Could you retype every entry below exactly as written?

Start of Input records

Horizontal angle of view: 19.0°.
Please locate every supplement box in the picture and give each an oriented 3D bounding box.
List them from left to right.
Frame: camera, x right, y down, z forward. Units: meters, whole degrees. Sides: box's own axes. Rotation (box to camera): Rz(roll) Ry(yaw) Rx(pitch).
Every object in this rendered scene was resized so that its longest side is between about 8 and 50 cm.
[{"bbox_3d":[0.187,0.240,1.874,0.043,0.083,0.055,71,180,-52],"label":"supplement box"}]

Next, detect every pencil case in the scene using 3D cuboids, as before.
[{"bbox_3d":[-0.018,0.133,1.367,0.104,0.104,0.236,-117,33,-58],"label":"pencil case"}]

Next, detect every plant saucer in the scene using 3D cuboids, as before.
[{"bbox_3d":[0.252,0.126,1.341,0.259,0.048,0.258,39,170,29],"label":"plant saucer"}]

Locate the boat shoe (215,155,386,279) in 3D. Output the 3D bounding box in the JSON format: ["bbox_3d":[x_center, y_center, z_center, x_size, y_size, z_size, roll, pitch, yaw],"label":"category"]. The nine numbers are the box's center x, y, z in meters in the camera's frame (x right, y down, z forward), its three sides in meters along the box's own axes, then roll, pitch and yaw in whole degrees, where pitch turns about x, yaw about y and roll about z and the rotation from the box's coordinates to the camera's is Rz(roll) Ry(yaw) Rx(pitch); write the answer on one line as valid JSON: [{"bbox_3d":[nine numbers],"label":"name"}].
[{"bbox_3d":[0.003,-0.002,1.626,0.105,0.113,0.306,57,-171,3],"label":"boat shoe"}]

End of Input records

*Task answer*:
Horizontal angle of view: 19.0°.
Please locate every supplement box in the picture and give each an oriented 3D bounding box.
List them from left to right.
Frame: camera, x right, y down, z forward. Units: meters, whole degrees. Sides: box's own axes. Rotation (box to camera): Rz(roll) Ry(yaw) Rx(pitch).
Every object in this rendered scene was resized so that its longest side is between about 8 and 50 cm.
[{"bbox_3d":[0.187,0.240,1.874,0.043,0.083,0.055,71,180,-52],"label":"supplement box"}]

Next, detect every pencil case in the scene using 3D cuboids, as before.
[{"bbox_3d":[-0.018,0.133,1.367,0.104,0.104,0.236,-117,33,-58],"label":"pencil case"}]

Next, detect every plant saucer in the scene using 3D cuboids, as before.
[{"bbox_3d":[0.252,0.126,1.341,0.259,0.048,0.258,39,170,29],"label":"plant saucer"}]

Locate the boat shoe (215,155,386,279) in 3D. Output the 3D bounding box in the JSON format: ["bbox_3d":[x_center, y_center, z_center, x_size, y_size, z_size, roll, pitch, yaw],"label":"category"]. The nine numbers are the box's center x, y, z in meters in the camera's frame (x right, y down, z forward), its three sides in meters along the box's own axes, then roll, pitch and yaw in whole degrees, where pitch turns about x, yaw about y and roll about z and the rotation from the box's coordinates to the camera's is Rz(roll) Ry(yaw) Rx(pitch); write the answer on one line as valid JSON: [{"bbox_3d":[nine numbers],"label":"name"}].
[{"bbox_3d":[0.003,-0.002,1.626,0.105,0.113,0.306,57,-171,3],"label":"boat shoe"}]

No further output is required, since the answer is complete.